It’s been an exciting and transitional summer for Iman Tahamtan, a recently graduated College of Communication and Information doctoral program alum, and now SIS lecturer. Not only did he successfully defend his dissertation in July, but he also stepped into a new role as a senior user experience researcher for the Machine Learning and Intelligence Operations Product team at JP Morgan in Columbus, Ohio.
Though he interviewed for jobs in academia, Tahamtan was offered the UX researcher position and couldn’t pass it up. While many UX researchers are assisting with end products such as a websites or applications, he will be studying users to help create machine learning models; machine learning and artificial intelligence is a rapidly growing field, and he’s excited to be a part of it.
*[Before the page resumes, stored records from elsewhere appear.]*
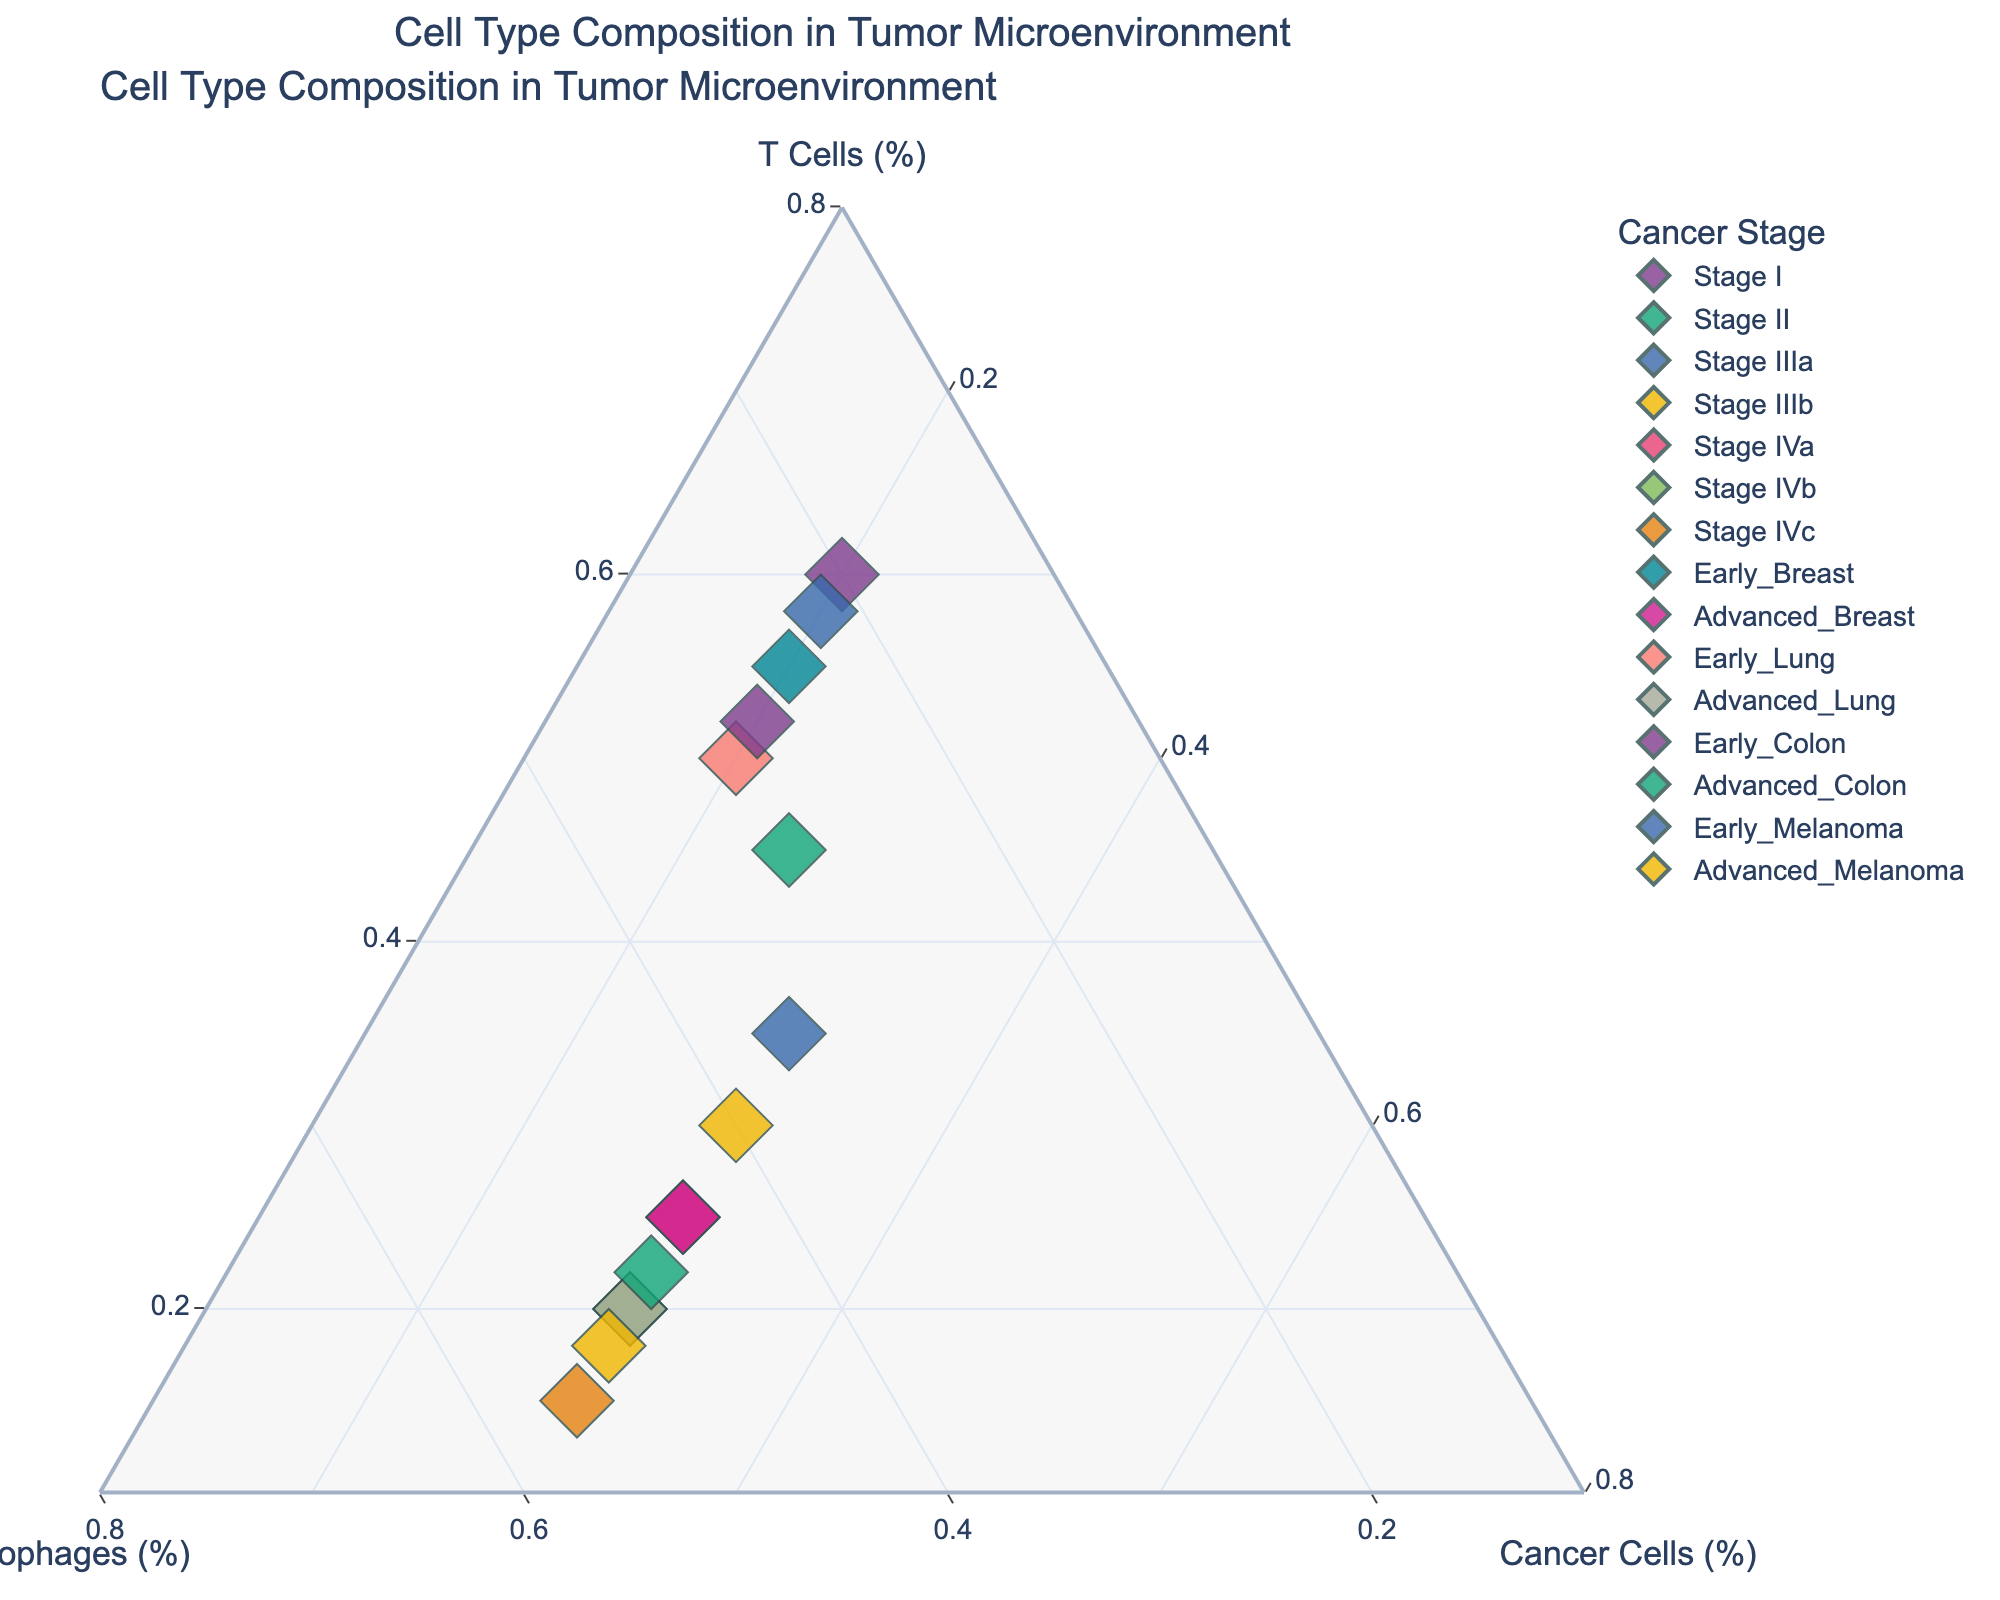What is the title of the figure? The title is usually displayed at the top of the figure.
Answer: Cell Type Composition in Tumor Microenvironment Which cell type is most abundant in Stage I cancer? In Stage I, T Cells have a 60% composition, which is the highest among the three cell types.
Answer: T Cells How does the composition of T Cells change from Stage I to Stage IVc? In Stage I, T Cells make up 60%, and this percentage decreases progressively to 15% in Stage IVc.
Answer: Decreases Which two cancer stages have the highest percentage of Macrophages? By observing the percentages, Stage IVb and Stage IVc both have the highest Macrophages percentage at 50% and 55% respectively.
Answer: Stage IVb and Stage IVc Compare the composition of Cancer Cells in ‘Early_Breast’ and ‘Advanced_Breast’ stages. ‘Early_Breast’ has 20% Cancer Cells, while ‘Advanced_Breast’ has 30% Cancer Cells.
Answer: Higher in ‘Advanced_Breast’ Is there a stage where the T Cells and Macrophages have the same composition percentages? At Stage IIIa, both T Cells and Macrophages share the same percentage of 35%.
Answer: Stage IIIa What's the average percentage of T Cells across all early cancer stages (Early_Breast, Early_Lung, Early_Colon, Early_Melanoma)? The percentages are: 55 (Early_Breast) + 50 (Early_Lung) + 52 (Early_Colon) + 58 (Early_Melanoma). The sum is 215. The average is 215/4 = 53.75.
Answer: 53.75 Which early cancer stage has the lowest percentage of Macrophages? Among Early_Breast, Early_Lung, Early_Colon, and Early_Melanoma, Early_Melanoma has the lowest Macrophages percentage at 22%.
Answer: Early_Melanoma Is there a discernible pattern in the composition of Cancer Cells as cancer stage progresses from Stage I to Stage IVc? Cancer Cells composition remains constant at 20% in Stage I, and increases to 30% by Stage IVa, where it levels off through to Stage IVc.
Answer: Increases then levels off If we combine both 'Advanced_Lung' and 'Advanced_Melanoma' stages, what is their average Macrophages percentage? Advanced_Lung (50%) + Advanced_Melanoma (52%), sum = 102. Average is 102/2 = 51.
Answer: 51

That said, Tahamtan isn’t about to leave academia behind. Research is one of his true passions and he is still working on several projects unrelated to his current job.
“Research is something that I do after work, for me, it’s like a hobby,” he said.
He will continue to keep one foot in academia with research and as a lecturer for SIS. This semester he is teaching undergraduate SIS students Introduction to Computers, and in the past he has taught Technology for Information Retrieval, Foundations for Information Technology, and User-Centered Design. If anything, Tahamtan believes gaining practical experience as an information sciences professional will better inform his teaching.
“Maybe in the future I will return to academia, I don’t know, but I want to get some experience in the field,” he said. “I think that lecturing is going to help me, and also help the students, as I move forward and gain more experience in the industry.”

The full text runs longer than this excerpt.